Нет, он не знал всего, что случилось два года назад, знал только, что болезнь дочери началась довольно-таки загадочно после поездки за город, в какую-то Грибановку. Это было дачное место под Москвой, где у одного из студентов собиралась после окончания экзаменов компания первокурсников. Виктория вернулась домой на рассвете (в ту ночь Васильев работал у себя в мастерской), а когда ранним утром позвонила Мария и он, пораженный ее замороженным голосом, приехал немедля на квартиру, она, задушенно всхлипывая, припала виском к его груди, прошептала: «Не надо к Вике заходить сейчас»… — и по ее шепоту, по тишине, по запаху лекарств он понял, что произошло что-то серьезное, опасное, так молниеносно изменившее все в доме.

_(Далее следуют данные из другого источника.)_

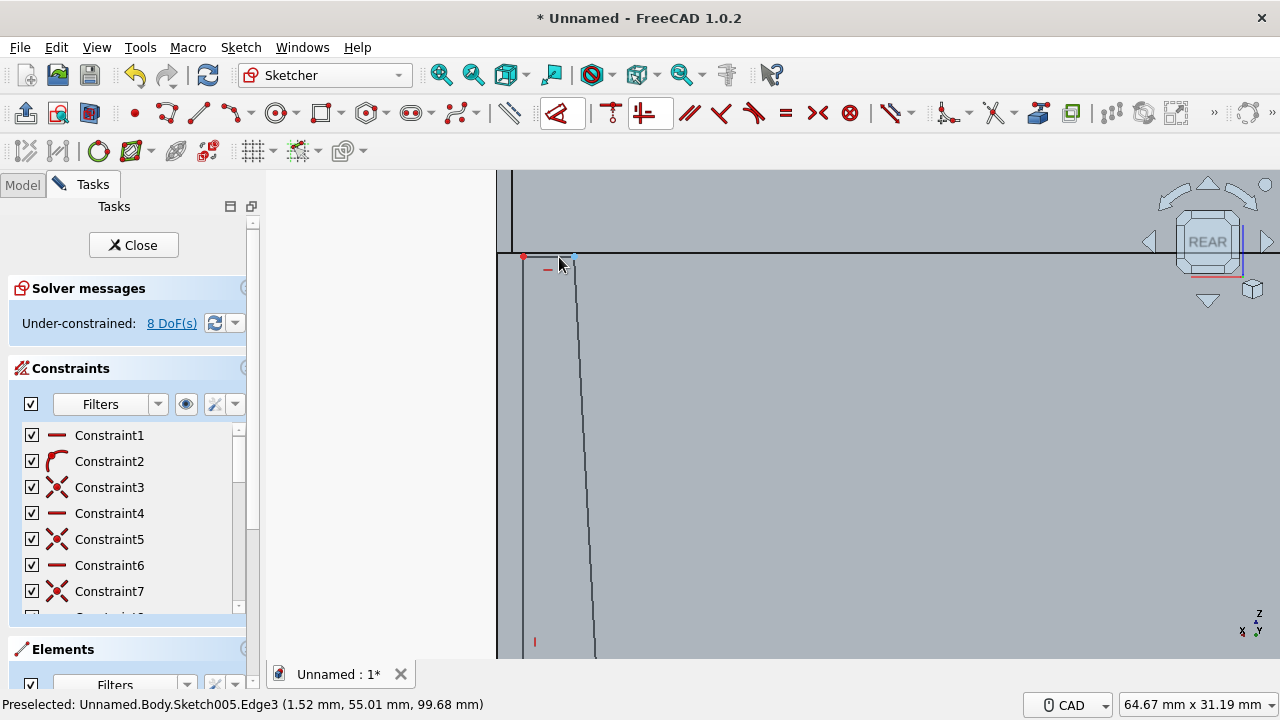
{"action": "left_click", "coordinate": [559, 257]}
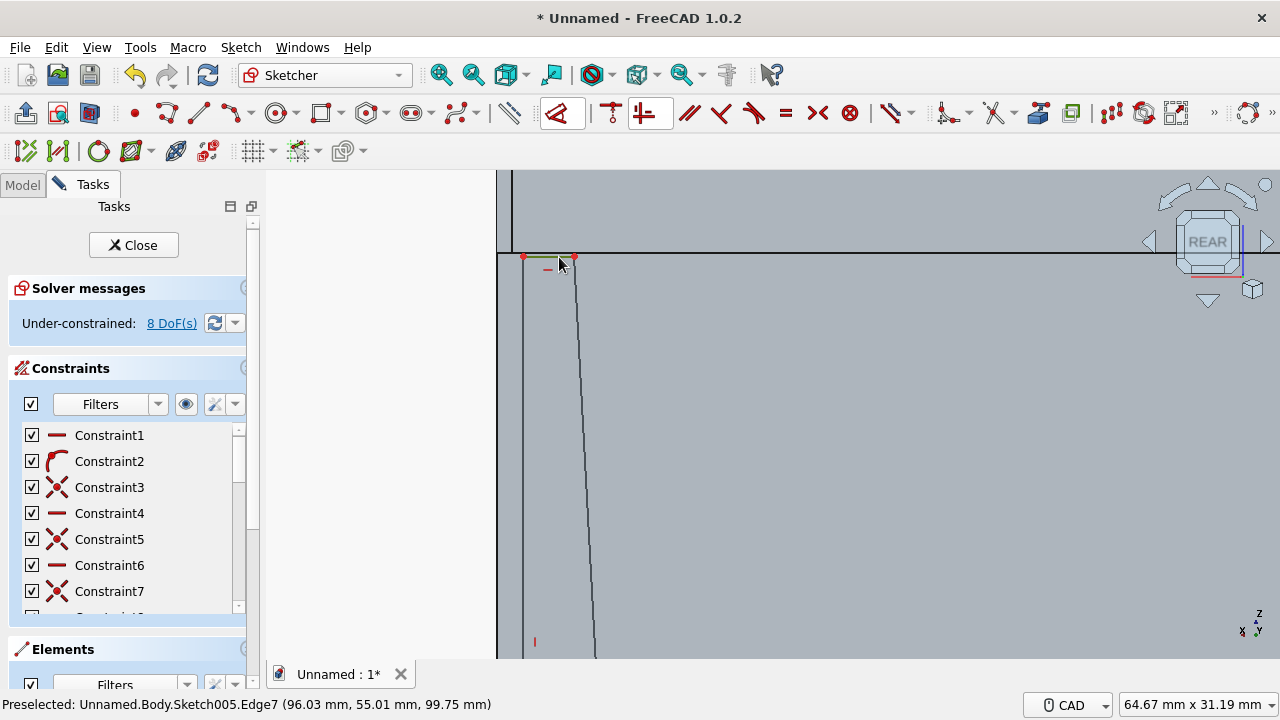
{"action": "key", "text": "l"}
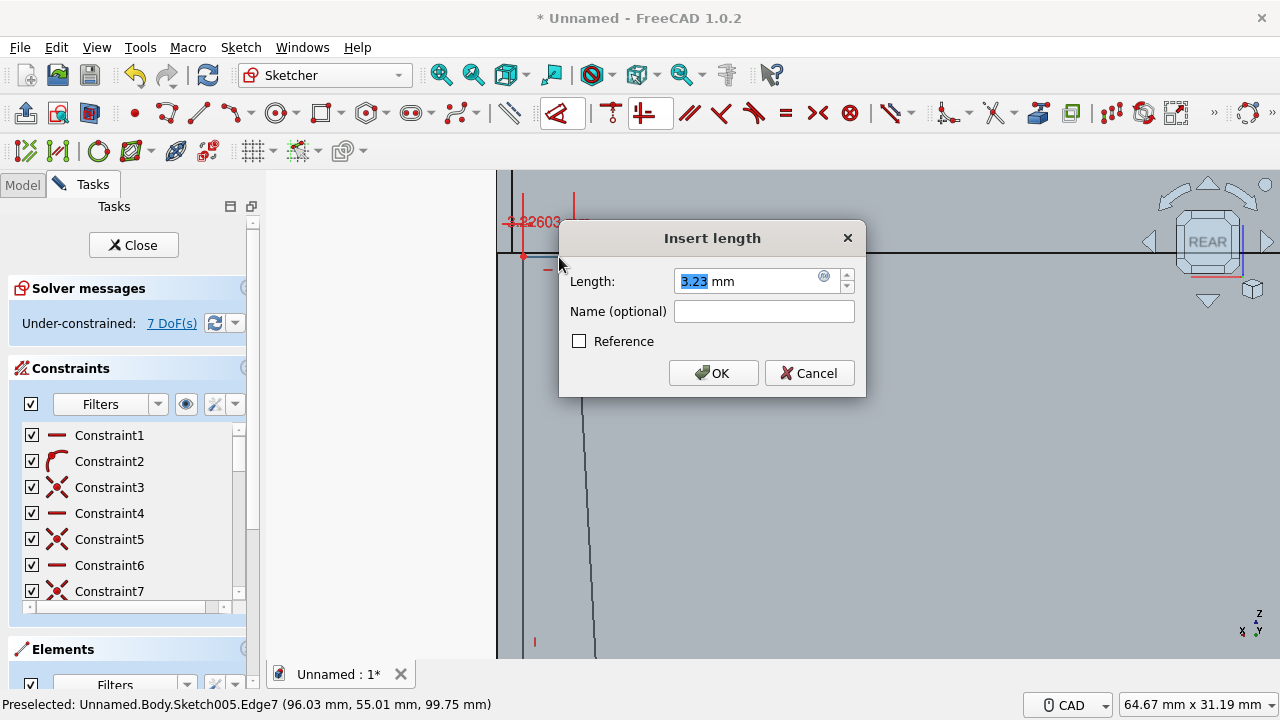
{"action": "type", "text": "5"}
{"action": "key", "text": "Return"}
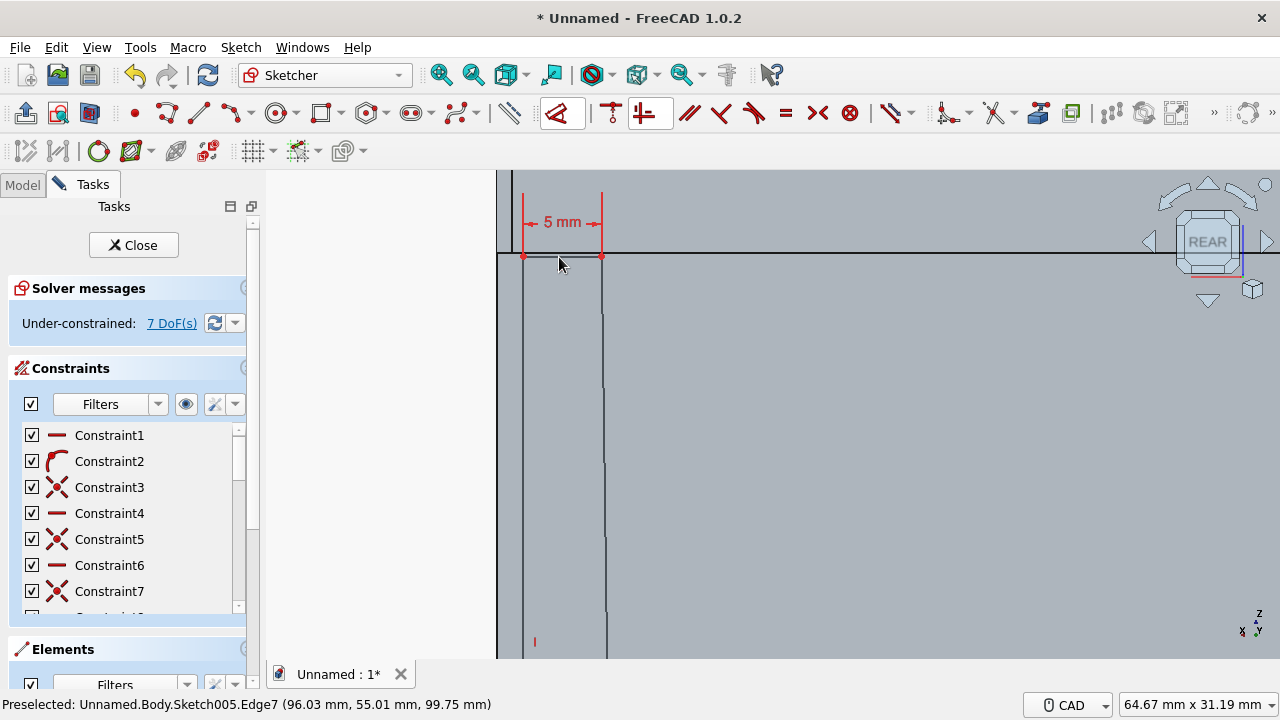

Потом она ушла в комнату дочери, он же сидел у двери, сосал незажженную сигарету и слушал, как за стеной прерывисто плакала, звала Марию, вскрикивала в забытьи Виктория, улавливая отдельные слова, бессвязные фразы, ее бред, ее мольбу, обращенную к какому-то шоферу такси, к каким-то парням, готовым к убийству, к какому-то милиционеру, который не хотел ничего предпринимать, и эти повторяющиеся вскрики, неутешные рыдания его восемнадцатилетней дочери отдавались в нем ударами боли. И была непонятность того ужасающего, что случилось с ней вчера за городом. А Мария неумело лгала ему, сбивчиво говорила о неких психических женских особенностях возраста, чего мужчине, по ее словам, объяснять не полагалось, наняла ночную сиделку, бывшую медицинскую сестру, взяла отпуск и сама целый месяц не отходила от Виктории, осунулась, подурнела, перестала улыбаться, а по вечерам чутко сидела с книгой у торшера, прислушиваясь к шорохам в комнате Виктории, вздрагивала от малейшего звука за стеной, и он думал с неисчезающей тревогой: «Что они скрывают от меня? И ради чего?»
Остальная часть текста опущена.